Yan's Corner - In Touch

Monday, September 12, 2005

How to Hug

We went to a food sale yesterday. The food sale was organized to raise fund for the operation cost of a centre for special children. Four of us holding RM100 coupons could only buy one roasted duck. That's beside the point.

In a food sale like this, normally some clubs, associations or people with charity at heart would donate their merchandise for sale. The popular one would be food stall. A normal RM2 fried rice would be sold at RM10. Transaction is using coupons. I was told that a total of RM88,000 was being raised.

My teenage daughter after making one round finally found her treasures at a stall selling used books at RM2 each. She was so excited and asked me for RM10 coupon. I took a look and noted that it was sponsored by a centre that gives child education. It is even a franchised early child education specialist. So, it is safe.

But, back home, I was horrified to hear this conversation -

"Che-che (big sister), can I read the books that you have just bought at the food sale?" the 10-year old asked.
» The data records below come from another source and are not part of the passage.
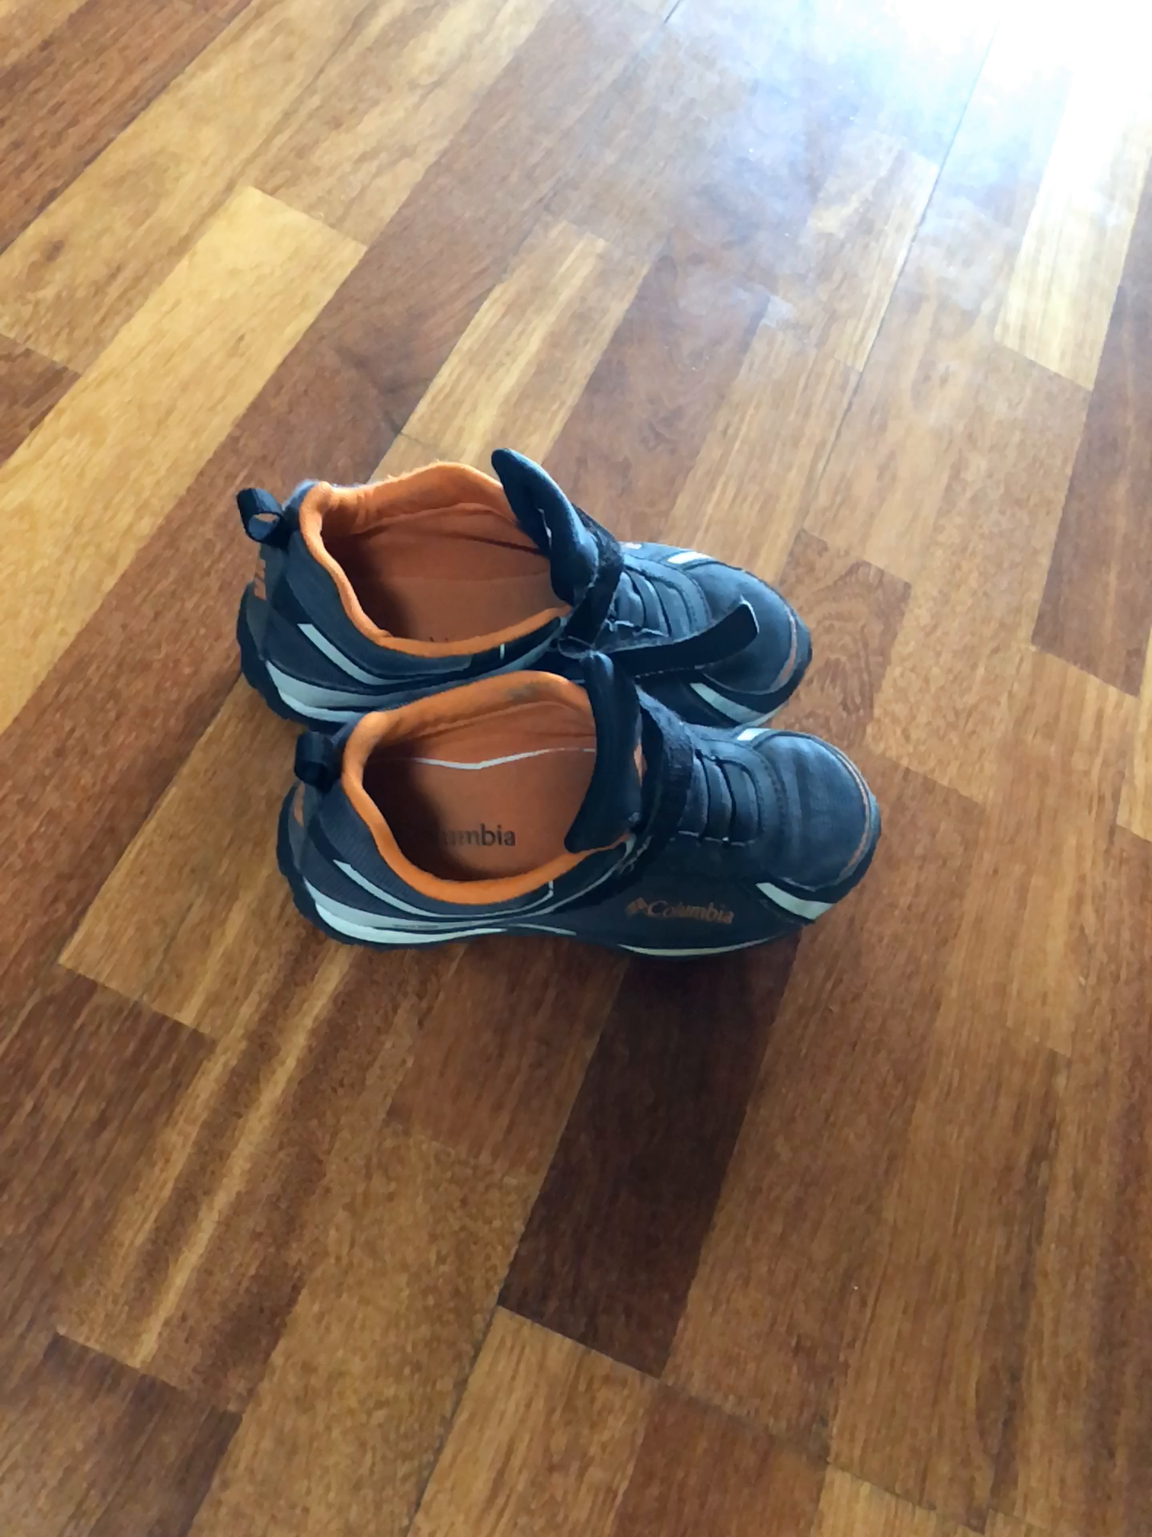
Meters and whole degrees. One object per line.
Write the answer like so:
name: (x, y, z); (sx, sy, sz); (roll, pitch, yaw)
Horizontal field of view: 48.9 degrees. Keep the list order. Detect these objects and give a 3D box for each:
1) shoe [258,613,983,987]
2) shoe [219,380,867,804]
shoe: (0.010, 0.020, 0.485); (0.247, 0.102, 0.097); (4, 64, -15)
shoe: (-0.023, -0.067, 0.560); (0.252, 0.126, 0.112); (4, 64, -15)
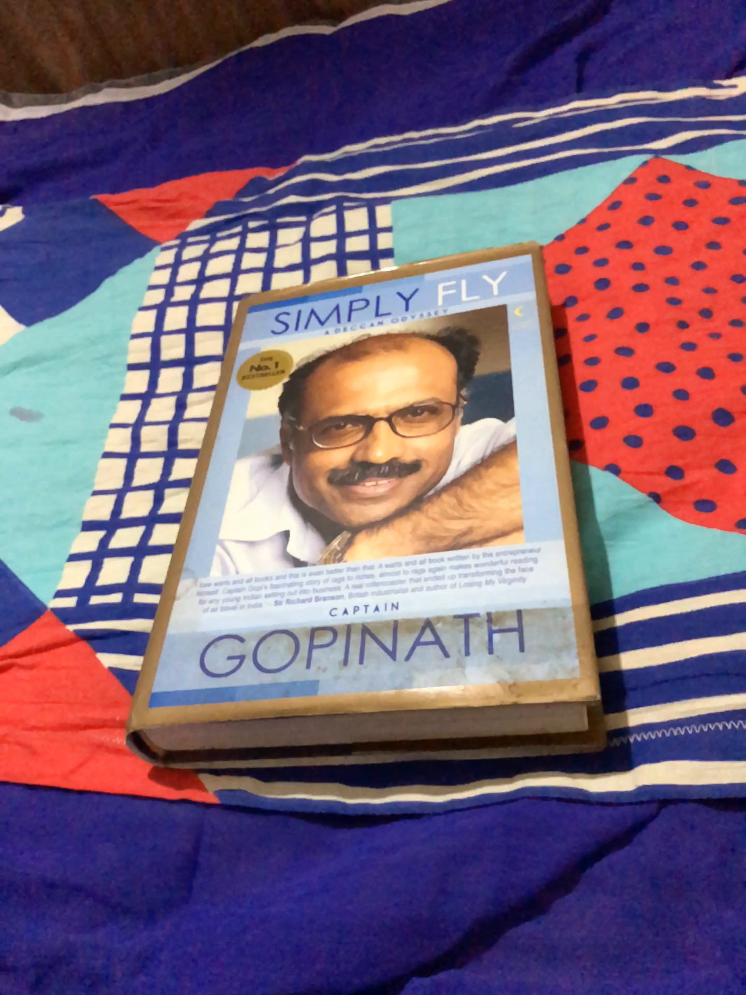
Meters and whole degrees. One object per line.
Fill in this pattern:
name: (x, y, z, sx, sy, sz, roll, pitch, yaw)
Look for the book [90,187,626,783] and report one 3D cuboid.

"No, there are some pervert pictures in these books. Che-che also cannot read." the big sister answered.

That reminds me of another story . A story is told about a man who was walking down the street one day. He passed by a book store selling used books. In the display window, he saw a book with this title, "How to Hug". He was caught by the title. On that particular moment, he was romantic at heart. He went into the shop and bought the book. When he got back home, he discovered that it was the third volume of an encyclopedia that covered subjects from "How" to "Hug".

We bought some coupons for charity. We brought our children to the food sale hoping to teach them to have a generous heart. We hope to see a demonstration of love there. But just like the man who wanted to learn "How to Hug" only to find an encycloopedia on theory. We want to teach our children a demonstration of love through charity only to find that love means dumping unwanted books or unwanted items. All done in the disguise of charity.

2 comment(s):

that is such a sad experience. we really can't let our guard down sometimes, can we?

By Blogger yyyap, at 10:57 pm  

So sad. Reminds me of the time when, during the collection of donations for the tsunami victims, the coordinators found bags of unwanted stuffs (old picture frames, dentures, family photos ..) among the so called charitable items.